House panel opens inquiry into online businesses over ‘questionable’ coronavirus treatments and misinformation
WASHINGTON — A House panel is launching an investigation into online telemedicine businesses on allegations of pushing ineffective and potentially dangerous coronavirus treatments, according to letters made public Friday.
According a letter signed by Rep. James Clyburn, D-S.C., chairman of the House Subcommittee on the Coronavirus Crisis, the telemedicine provider SpeakWithAnMD.com has collected millions in fees from prescribing such treatments as the animal parasite drug ivermectin and the malaria medication hydroxychloroquine for the coronavirus, even though neither is authorized for that use by the Food and Drug Administration.
He said many of the consultations were arranged through referrals from a separate business called America’s Frontline Doctors, which also received a letter.
Lawmakers contend that the companies’ respective founders ― Jerome Corsi, a conservative author who has promoted political conspiracy theories, and noted hydroxychloroquine proponent Simone Gold ― are endangering American lives while profiting from a crisis.
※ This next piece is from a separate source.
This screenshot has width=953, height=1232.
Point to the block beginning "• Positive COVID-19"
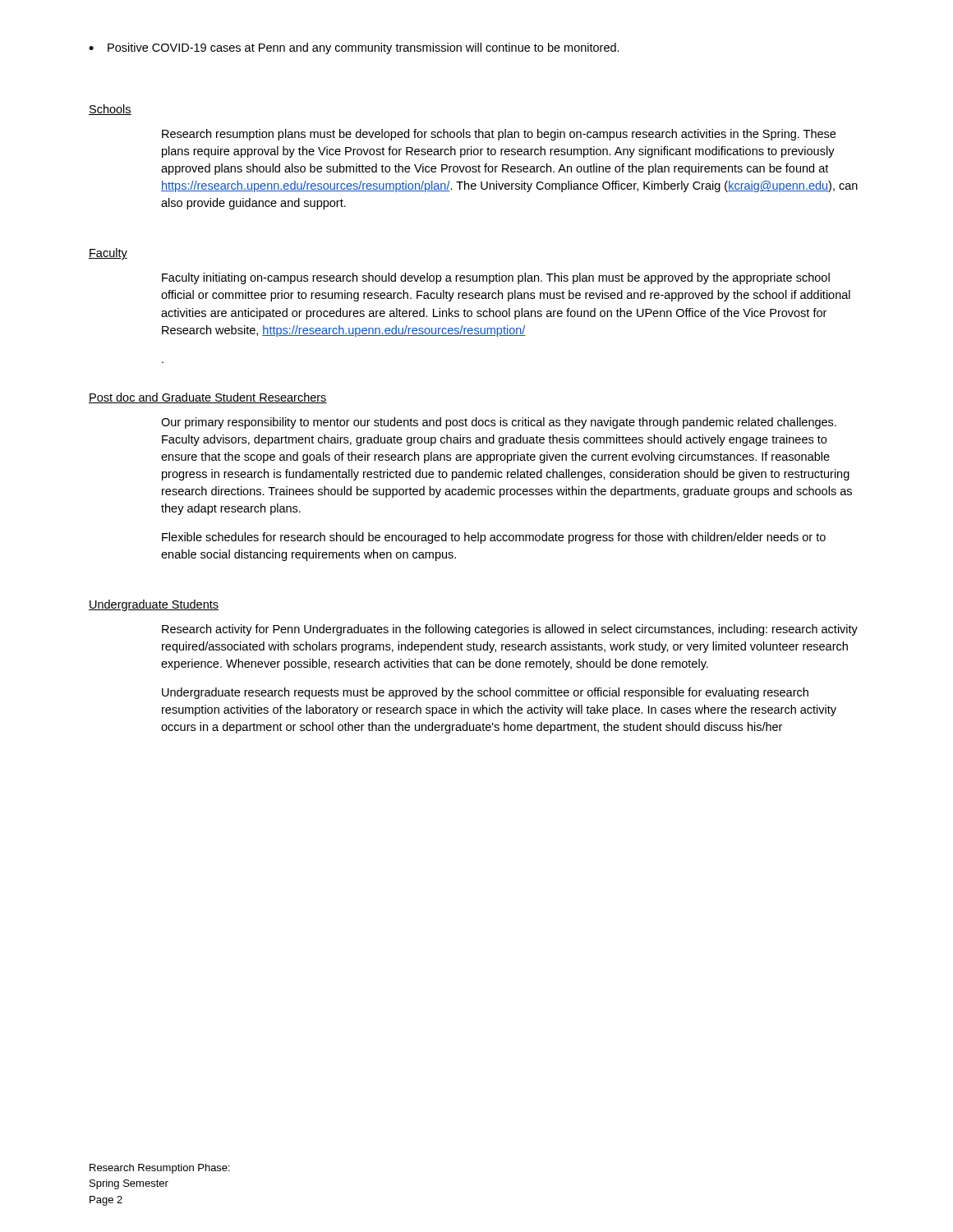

“I am deeply concerned that SpeakWithAnMD.com is profiting from the provision of questionable treatments and dangerous prescriptions, which may be putting American lives at risk and setting back our nation’s efforts to end the pandemic,” Clyburn wrote to Corsi, the SpeakWithAnMD.com founder.
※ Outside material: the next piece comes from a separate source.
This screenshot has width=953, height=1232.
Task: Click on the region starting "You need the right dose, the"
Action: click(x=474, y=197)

The committee requested detailed records from both businesses, including ownership documents and details about their doctors training and qualifications. It also has asked the Federal Trade Commission to get involved.
Neither company responded to emailed requests for comment Friday. Corsi and Gold also did not immediately respond.
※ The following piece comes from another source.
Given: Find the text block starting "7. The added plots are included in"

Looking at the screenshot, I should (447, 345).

In a letter to FTC Chair Lina Khan, Clyburn said the companies’ “deceptive” actions have put people’s lives at risk by undermining public confidence in coronavirus vaccines. The agency has sent hundreds of warning letters to organizations for promoting a range of bogus coronavirus treatments, ordering them to cease and desist.
According to a report published in August by Time magazine, hundreds of AFLD customers have accused the company of promising prescriptions of ivermectin never delivered. Others described being charged exorbitant prices for the cheap medication, or watching family members’ conditions worsen while waiting for a “wonder drug” they found online.
AFLD was founded by Gold, a Los Angeles-based physician who was an early champion of the online movement behind hydroxychloroquine, which former president Donald Trump also promoted as a coronavirus treatment. Gold herself gained national attention last July when she and other physicians held a news conference in front of the U.S. Supreme Court to decry pandemic lockdowns and criticize the government’s efforts to fight the pandemic.